Ele se afastou do trabalho, voltou atrás, lida com
patrulhas e a pressão pelo ibope. As atribulações
de Aguinaldo Silva à frente de Duas Caras


Sérgio Martins

Oscar Cabral
Aguinaldo: hipertensão e "assassinato cultural"


Desde Roque Santeiro, de 1985, o noveleiro Aguinaldo Silva repete o mesmo ritual: a certa altura, interrompe o trabalho no folhetim e tira alguns dias de férias. Pode se dar ao luxo do descanso porque, como ele mesmo diz, é uma espécie de operário-padrão, que mantém adiantada a redação da história – de preferência, com 36 capítulos de folga. Desta vez, no entanto, a escapadela de Aguinaldo, em meio à exibição da novela Duas Caras, ganhou tons dramáticos. No dia 23, a Rede Globo divulgou uma nota anunciando que o autor ficaria afastado de seu posto pelo menos até o fim do ano. Nos dias seguintes, Aguinaldo comentou a notícia primeiro em seu blog, depois em entrevistas. No blog, ele combateu a idéia de que a Globo lhe houvesse dado "um pontapé no traseiro". Na imprensa, disse que havia decidido "sair do foco" por sofrer patrulhamentos: ele temia ser vítima de um "assassinato cultural". Tudo era um tanto vago – e com isso Aguinaldo acendeu a fogueira de especulações. O autor virou personagem de uma novela à parte, que teve um desfecho (provisório?, definitivo?) na quarta-feira passada, quando as férias foram canceladas e a rotina retomada. "Chega de bancar o garoto mimado", disse Aguinaldo em seu blog. Ele prometeu ficar alheio a "implicâncias, futricas e ódios" e, se preciso, "derramar até sangue" pelo bom andamento da novela. "Sou capaz disso. Já terminei dois casamentos por causa de trabalho", diz ele.

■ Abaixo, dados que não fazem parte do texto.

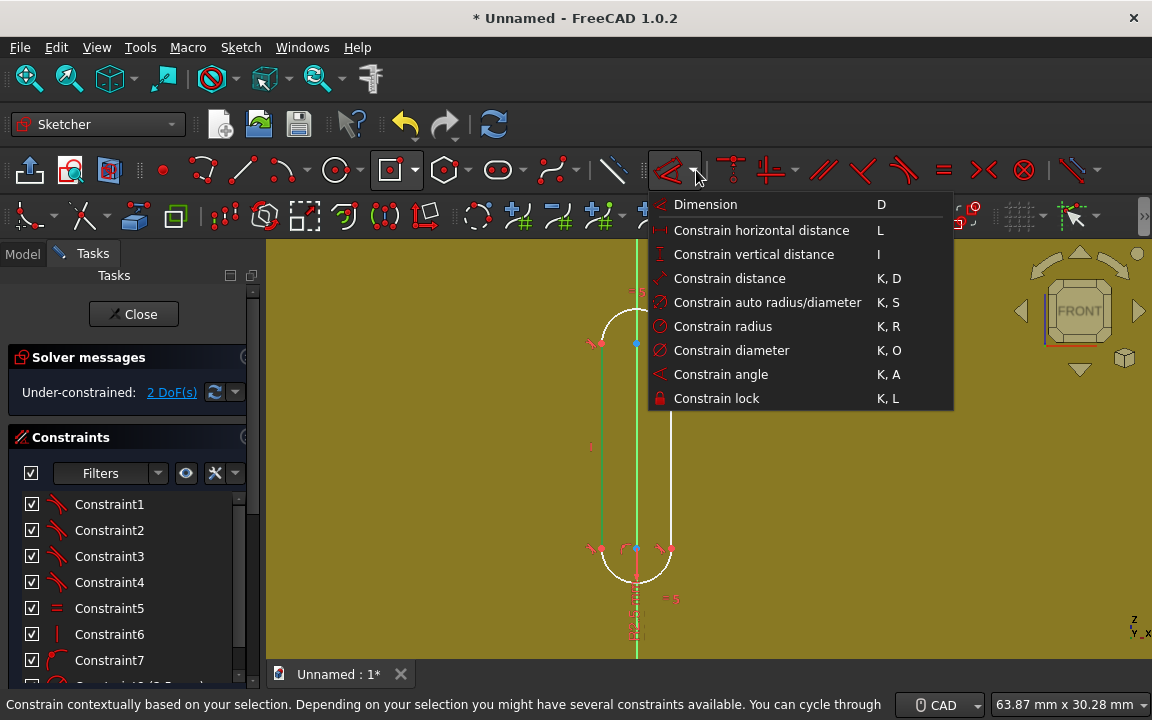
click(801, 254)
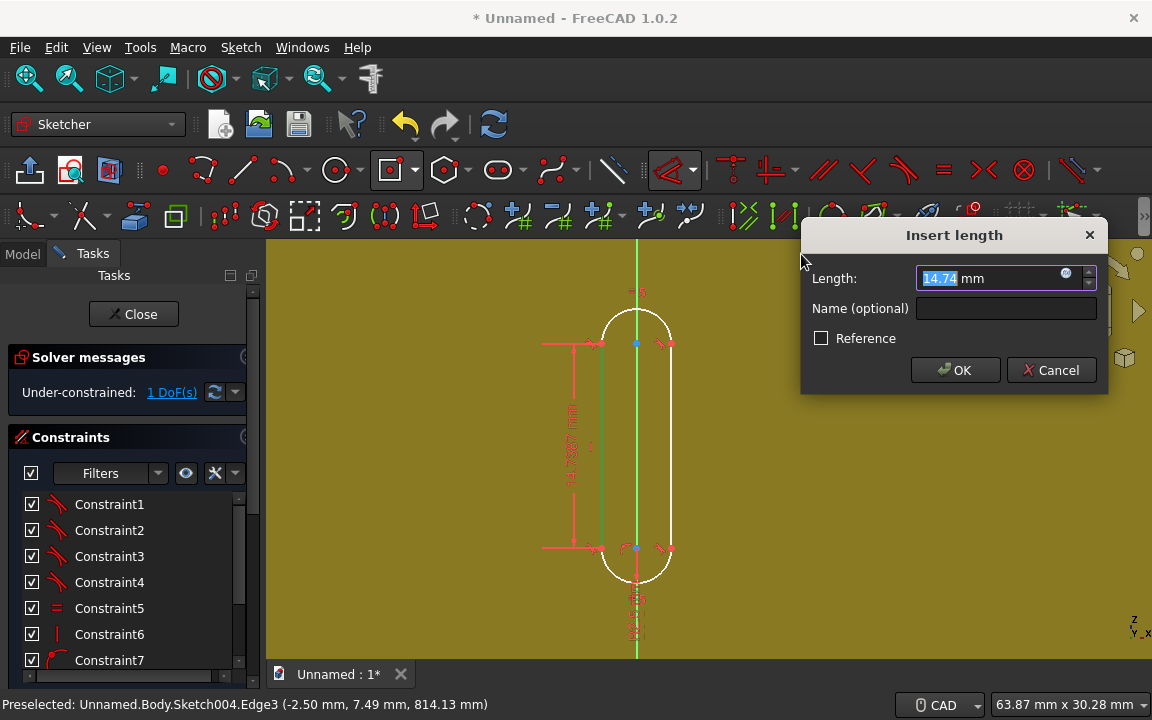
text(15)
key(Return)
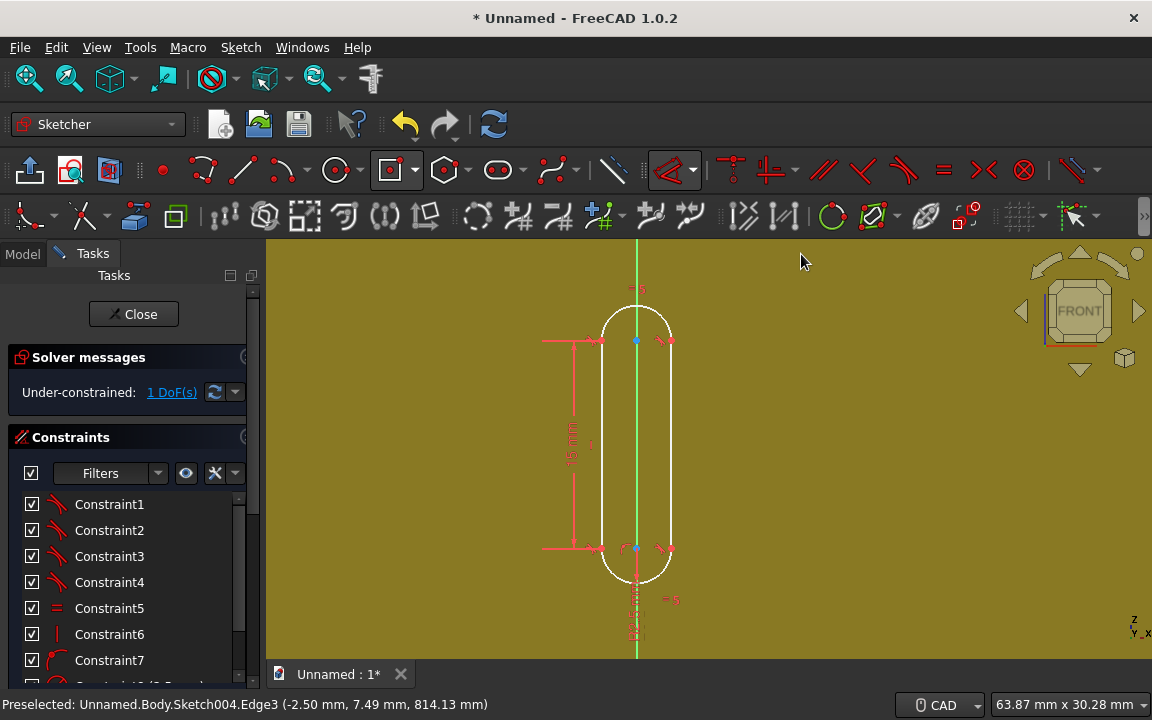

Sabe-se agora que a causa imediata do afastamento de Aguinaldo, de 63 anos, foi uma crise de hipertensão. "A pressão estava em 17 por 11", afirma o noveleiro. "Meu médico disse que eu teria de optar pela novela ou pela vida." Não é improvável, contudo, que o problema de saúde tenha sido reflexo de um conjunto de pressões. Para começar, a pressão pelo sucesso de audiência. Duas Caras tem média de ibope de 37 pontos. O número não deixa a Globo exultante – nem o próprio Aguinaldo. "Sou detentor do recorde do horário: 63 pontos, com Senhora do Destino. Hoje os tempos são outros, mas queria que Duas Caras chegasse ao fim com pelo menos 44 pontos", diz o autor.

Fotos divulgação/TV Globo
Flávia Alessandra: alguém viu manchas roxas?


Outro tipo de pressão decorre do fato de Aguinaldo, de maneira inédita, ter decidido alimentar um blog em paralelo à novela. Boa parte dos escritos na internet se destina a responder a críticas feitas contra Duas Caras. Semanas atrás, por exemplo, Aguinaldo saiu em defesa de Marjorie Estiano, atriz que interpreta a personagem Maria Paula. Ele acusou uma colunista de televisão de inventar que a atriz não estava agradando no papel. "Futricas" desse tipo, segundo Aguinaldo, são produto de uma imprensa especializada que não gosta de novela e teima em desmerecer o gênero. Ele afirma que defender seu trabalho dia após dia contra esse tipo de crítica lhe causou a tal sensação de estar sendo vítima de "assassinato cultural".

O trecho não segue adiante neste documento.